Synapse was released in 1999, and more than 50 systems have been installed to date.

AHRA to develop administrator certification program

At its 29th annual meeting in Las Vegas, NV this month, the American Healthcare Radiology Administrators (AHRA) Education Foundation announced that they are developing the industry's first certification program for radiology administrators.

Radiologists who wish to participate in this voluntary program will receive study materials and must take a standardized test. Those who pass the test will be awarded a certificate. The certification will be known as CRA, Certified Radiology Administrator, and will meet the standards for credentialing programs set by the National Commission for Certifying Agencies. The first test is scheduled to be administered in conjunction with the 30th annual AHRA meeting next summer in New Orleans, LA.

"The role of radiology administrator has changed rapidly in recent years," noted J.D. Mace, chair of the AHRA Education Foundation. "A credentialing program will identify the current scope of responsibilities and skills that are required for the position, and allow prospective and current radiology administrators to demonstrate their acumen in these areas."

The development of this program was supported through an educational grant from Eastman Kodak Co. (Rochester, NY). "We believe this certification program will help identify outstanding achievements made by individual radiology administrators. It will also showcase the value radiology administrators as a group bring to their healthcare organizations," said Richard F. Cimino, vice president of Eastman Kodak and Americas area business general manager of Kodak's Health Imaging division.

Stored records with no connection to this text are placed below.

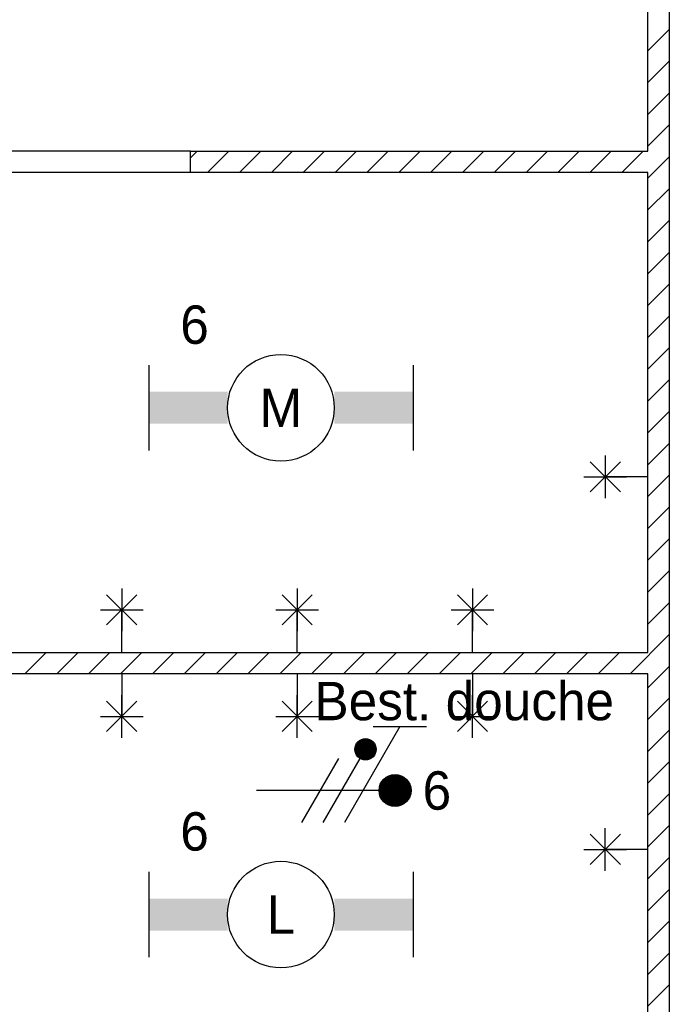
# Model space of a CAD drawing. Header units: millimetres. Extents: x -14827 to 65869, y -40284 to 56382.
# Tile 18 of 53: x 39767 to 42813, y 23810 to 28427. Entities that reach past the tile are written whole.
import ezdxf
from ezdxf.enums import TextEntityAlignment as Align

# ---------------------------------------------------------------- set-up
doc = ezdxf.new("R2010")
doc.units = ezdxf.units.MM
doc.header["$LTSCALE"] = 100
for name, color, linetype in [('EL6222--', 130, 'Continuous'), ('EL6311--', 130, 'Continuous'), ('xref', 9, 'Continuous')]:
    doc.layers.add(name, color=color, linetype=linetype)
doc.styles.add('BURO-018', font='BUROFONT', dxfattribs={"height": 180})

# ---------------------------------------------------------------- blocks, each defined once
blk = doc.blocks.new('1115B61240')
at = {"color": 0}
for p, q in [((-6.2, 2), (-6.2, -2)), ((6.2, 2), (6.2, -2))]:
    blk.add_line(p, q, dxfattribs=at)
at = {"color": 0, "linetype": 'Continuous'}
blk.add_circle((0, 0), 2.5, dxfattribs=at)
at = {"color": 0}
for points in [[(-2.5, 0.75), (-6.2, 0.75), (-2.5, -0.75), (-6.2, -0.75)], [(2.5, 0.75), (6.2, 0.75), (2.5, -0.75), (6.2, -0.75)]]:
    blk.add_solid(points, dxfattribs=at)
at = {"color": 0, "linetype": 'Continuous', "style": 'BURO-018'}
for tag, p in [('E_GKAST', (0, 8)), ('E_GROEP', (0, 5)), ('E_SGROEP', (4.5, 5)), ('E_ARMCODE', (0, 0)), ('E_SLET', (4.5, -3))]:
    blk.add_attdef(tag, text='', height=1.8, dxfattribs=at).set_placement(p, align=Align.MIDDLE)
blk = doc.blocks.new('E00078')
at = {"color": 0, "linetype": 'Continuous'}
for p, q in [((-3, 6.482), (-3, 8.982)), ((-3, 7.732), (1.5, 5.134)), ((0, 7.5), (0, 1)), ((1.5, 4.134), (-1.5, 5.866)), ((1.5, 3.134), (-1.5, 4.866))]:
    blk.add_line(p, q, dxfattribs=at)
at = {"color": 0, "const_width": 0.75}
blk.add_lwpolyline([(-0.375, 7.5, 1), (0.375, 7.5, 1)], format="xyb", close=True, dxfattribs=at)
at = {"color": 0, "linetype": 'Continuous', "const_width": 0.5}
blk.add_lwpolyline([(-2.183, 6.116, 1), (-1.683, 6.116, 1)], format="xyb", close=True, dxfattribs=at)
at = {"color": 0, "linetype": 'Continuous'}
for centre, radius in [((0, 7.5), 0.75), ((-1.933, 6.116), 0.5)]:
    blk.add_circle(centre, radius, dxfattribs=at)
at = {"color": 0, "linetype": 'Continuous', "style": 'BURO-018'}
for tag, p in [('E_GKAST', (0, 14)), ('E_GROEP', (0, 11)), ('E_SGROEP', (4.5, 11))]:
    blk.add_attdef(tag, text='', height=1.8, dxfattribs=at).set_placement(p, align=Align.MIDDLE)
at = {"color": 0, "linetype": 'Continuous', "style": 'BURO-018', "flags": 1}
for tag, p in [('E_VERMCODE', (13, 11)), ('E_MATCODE', (0, 0))]:
    blk.add_attdef(tag, text='', height=1.8, dxfattribs=at).set_placement(p, align=Align.MIDDLE)

msp = doc.modelspace()

# ---------------------------------------------------------------- linework, layer by layer
at = {"layer": 'xref'}
for p, q in [((42712.6, 27810), (42712.6, 28810)), ((42812.6, 28810), (42812.6, 22010)), ((42712.6, 28281.3), (42812.6, 28381.3)), ((42712.6, 28132), (42812.6, 28232)), ((42712.6, 27982.6), (42812.6, 28082.6)), ((42712.6, 27833.3), (42812.6, 27933.3)), ((40567.6, 27810), (39522.6, 27810)), ((40567.6, 27710), (40567.6, 27810)), ((40567.6, 27810), (42712.6, 27810)), ((40567.6, 27779.1), (40598.6, 27810)), ((40647.9, 27710), (40747.9, 27810)), ((40797.3, 27710), (40897.3, 27810)), ((40946.6, 27710), (41046.6, 27810)), ((41096, 27710), (41196, 27810)), ((41245.3, 27710), (41345.3, 27810)), ((41394.6, 27710), (41494.6, 27810)), ((41544, 27710), (41644, 27810)), ((41693.3, 27710), (41793.3, 27810)), ((41842.7, 27710), (41942.7, 27810)), ((41992, 27710), (42092, 27810)), ((42141.3, 27710), (42241.3, 27810)), ((42290.7, 27710), (42390.7, 27810)), ((42440, 27710), (42540, 27810)), ((42589.4, 27710), (42689.4, 27810)), ((42712.6, 27684), (42812.6, 27784)), ((40567.6, 27710), (39522.6, 27710)), ((42712.6, 27710), (40567.6, 27710)), ((42712.6, 25460), (42712.6, 27710)), ((42712.6, 27534.6), (42812.6, 27634.6)), ((42712.6, 27385.3), (42812.6, 27485.3)), ((42712.6, 27235.9), (42812.6, 27335.9)), ((42712.6, 27086.6), (42812.6, 27186.6)), ((42712.6, 26937.3), (42812.6, 27037.3)), ((42712.6, 26787.9), (42812.6, 26887.9)), ((42712.6, 26638.6), (42812.6, 26738.6)), ((42712.6, 26489.2), (42812.6, 26589.2)), ((42712.6, 26339.9), (42812.6, 26439.9)), ((42512.6, 26383.7), (42512.6, 26183.7)), ((42441.9, 26212.9), (42583.3, 26354.4)), ((42441.9, 26354.4), (42583.3, 26212.9)), ((42412.6, 26283.7), (42612.6, 26283.7)), ((42712.6, 26283.7), (42512.6, 26283.7)), ((42712.6, 26190.5), (42812.6, 26290.5)), ((42712.6, 26041.2), (42812.6, 26141.2)), ((42712.6, 25891.9), (42812.6, 25991.9)), ((42712.6, 25742.5), (42812.6, 25842.5)), ((40315.8, 25730.7), (40174.4, 25589.3)), ((40174.4, 25730.7), (40315.8, 25589.3)), ((40245.1, 25760), (40245.1, 25560)), ((41138.3, 25730.7), (40996.9, 25589.3)), ((40996.9, 25730.7), (41138.3, 25589.3)), ((41067.6, 25760), (41067.6, 25560)), ((41960.8, 25730.7), (41819.4, 25589.3)), ((41819.4, 25730.7), (41960.8, 25589.3)), ((41890.1, 25760), (41890.1, 25560)), ((42712.6, 25593.2), (42812.6, 25693.2)), ((40145.1, 25660), (40345.1, 25660)), ((40245.1, 25460), (40245.1, 25660)), ((40967.6, 25660), (41167.6, 25660)), ((41067.6, 25460), (41067.6, 25660)), ((41790.1, 25660), (41990.1, 25660)), ((41890.1, 25460), (41890.1, 25660)), ((42628.8, 25360), (42812.6, 25543.8)), ((39422.6, 25460), (42712.6, 25460)), ((39791.3, 25360), (39891.3, 25460)), ((39940.7, 25360), (40040.7, 25460)), ((40090, 25360), (40190, 25460)), ((40239.4, 25360), (40339.4, 25460)), ((40388.7, 25360), (40488.7, 25460)), ((40538, 25360), (40638, 25460)), ((40687.4, 25360), (40787.4, 25460)), ((40836.7, 25360), (40936.7, 25460)), ((40986.1, 25360), (41086.1, 25460)), ((41135.4, 25360), (41235.4, 25460)), ((41284.7, 25360), (41384.7, 25460)), ((41434.1, 25360), (41534.1, 25460)), ((41583.4, 25360), (41683.4, 25460)), ((41732.8, 25360), (41832.8, 25460)), ((41882.1, 25360), (41982.1, 25460)), ((42031.5, 25360), (42131.5, 25460)), ((42180.8, 25360), (42280.8, 25460)), ((42330.1, 25360), (42430.1, 25460)), ((42479.5, 25360), (42579.5, 25460)), ((42712.6, 25294.5), (42812.6, 25394.5)), ((42712.6, 25360), (39422.6, 25360)), ((40245.1, 25360), (40245.1, 25160)), ((41067.6, 25360), (41067.6, 25160)), ((41890.1, 25360), (41890.1, 25160)), ((42712.6, 23110), (42712.6, 25360)), ((40245.1, 25060), (40245.1, 25260)), ((41067.6, 25060), (41067.6, 25260)), ((41890.1, 25060), (41890.1, 25260)), ((40174.4, 25089.3), (40315.8, 25230.7)), ((40315.8, 25089.3), (40174.4, 25230.7)), ((40996.9, 25089.3), (41138.3, 25230.7)), ((41138.3, 25089.3), (40996.9, 25230.7)), ((41819.4, 25089.3), (41960.8, 25230.7)), ((41960.8, 25089.3), (41819.4, 25230.7)), ((42712.6, 25145.2), (42812.6, 25245.2)), ((40145.1, 25160), (40345.1, 25160)), ((40967.6, 25160), (41167.6, 25160)), ((41790.1, 25160), (41990.1, 25160)), ((42712.6, 24995.8), (42812.6, 25095.8)), ((42712.6, 24846.5), (42812.6, 24946.5)), ((42712.6, 24697.1), (42812.6, 24797.1)), ((42512.6, 24436.4), (42512.6, 24636.4)), ((42712.6, 24547.8), (42812.6, 24647.8)), ((42441.9, 24465.7), (42583.3, 24607.1)), ((42441.9, 24607.1), (42583.3, 24465.7)), ((42412.6, 24536.4), (42612.6, 24536.4)), ((42712.6, 24536.4), (42512.6, 24536.4)), ((42712.6, 24398.5), (42812.6, 24498.5)), ((42712.6, 24249.1), (42812.6, 24349.1)), ((42712.6, 24099.8), (42812.6, 24199.8)), ((42712.6, 23950.4), (42812.6, 24050.4)), ((42712.6, 23801.1), (42812.6, 23901.1))]:
    msp.add_line(p, q, dxfattribs=at)

# ---------------------------------------------------------------- block references
at = {"layer": 'EL6222--'}
ref = msp.add_blockref('E00078', (40776.5, 24812.6), dxfattribs=dict(at, xscale=100, yscale=100, zscale=100, rotation=270))
ref.add_attrib('E_GROEP', '6', dxfattribs={"layer": '0', "color": 7, "linetype": 'Continuous', "height": 180, "style": 'BURO-018'}).set_placement((41722.9, 24812.6), align=Align.MIDDLE)
ref.add_attrib('E_VERMCODE', 'Best. douche', dxfattribs={"layer": '0', "color": 7, "linetype": 'Continuous', "height": 180, "style": 'BURO-018'}).set_placement((41851.1, 25235.5), align=Align.MIDDLE)
at = {"layer": 'EL6311--'}
ref = msp.add_blockref('1115B61240', (40991.5, 26607.1), dxfattribs=dict(at, xscale=100, yscale=100, zscale=100))
ref.add_attrib('E_ARMCODE', 'M', dxfattribs={"layer": '0', "color": 7, "linetype": 'Continuous', "height": 180, "style": 'BURO-018'}).set_placement((40991.5, 26607.1), align=Align.MIDDLE)
ref.add_attrib('E_GROEP', '6', dxfattribs={"layer": '0', "color": 7, "linetype": 'Continuous', "height": 180, "style": 'BURO-018'}).set_placement((40586.6, 26997.1), align=Align.MIDDLE)
ref = msp.add_blockref('1115B61240', (40991.5, 24230.8), dxfattribs=dict(at, xscale=100, yscale=100, zscale=100))
ref.add_attrib('E_ARMCODE', 'L', dxfattribs={"layer": '0', "color": 7, "linetype": 'Continuous', "height": 180, "style": 'BURO-018'}).set_placement((40991.5, 24230.8), align=Align.MIDDLE)
ref.add_attrib('E_GROEP', '6', dxfattribs={"layer": '0', "color": 7, "linetype": 'Continuous', "height": 180, "style": 'BURO-018'}).set_placement((40586.6, 24620.8), align=Align.MIDDLE)

doc.saveas('drawing.dxf')

New contrast agent for echocardiography approved

DuPont Pharmaceuticals Company (Wilmington, DE) has received FDA approval to market its new ultrasound contrast agent, Definity (Vial for Perflutren Lipid Microsphere Injectable Suspension). The new agent has been approved for use in patients with suboptimal echocardiograms to opacify the left ventricular chamber and to improve the delineation of the left ventricular endocardial border. It is believed that such improved imaging will allow clinicians to better distinguish between normal and abnormal heart structure and motion.

Phase III clinical trials, involving more than 1,700 patients at more than 20 medical centers, found that echocardiography with Definity produced more detailed images of the heart in difficult-to-image patients versus echocardiography alone. Images obtained with the contrast agent provided a more accurate assessment of segmental wall motion compared with unenhanced images. The study also found that when patients with incomplete images of their heart were re-assessed with contrast, an evaluable echocardiogram was achieved in up to 91% of patients. In addition, the researchers reported that echocardiography with Definity provided statistically significant improvements in endocardial border delineation. The most frequently reported adverse events included headache, back or renal pain, flushing, nausea, chest pain, and dizziness.

"Many cardiologists are challenged by the dilemma that patients who are at the greatest risk of developing heart disease are often the most difficult to diagnose with routine ultrasound," said Martin Goldman, MD, clinical trial investigator and professor of medicine at Mount Sinai School of Medicine. According to research from ARM Inc., of Malvern, PA, up to 20% of echocardiograms performed in the United States without a contrast agent provide insufficient information to make a definitive diagnosis.

Definity, which is the first non-blood-derived ultrasound contrast agent to be approved in the U.S., can be dosed as either a bolus injection or continuous intravenous infusion. It should not be administered to patients with known cardiac shunts, and caution should be exercised in patients with chronic pulmonary vascular disorders and in those who may have cardiac shunts.

DuPont expects Definity to be available in early fall.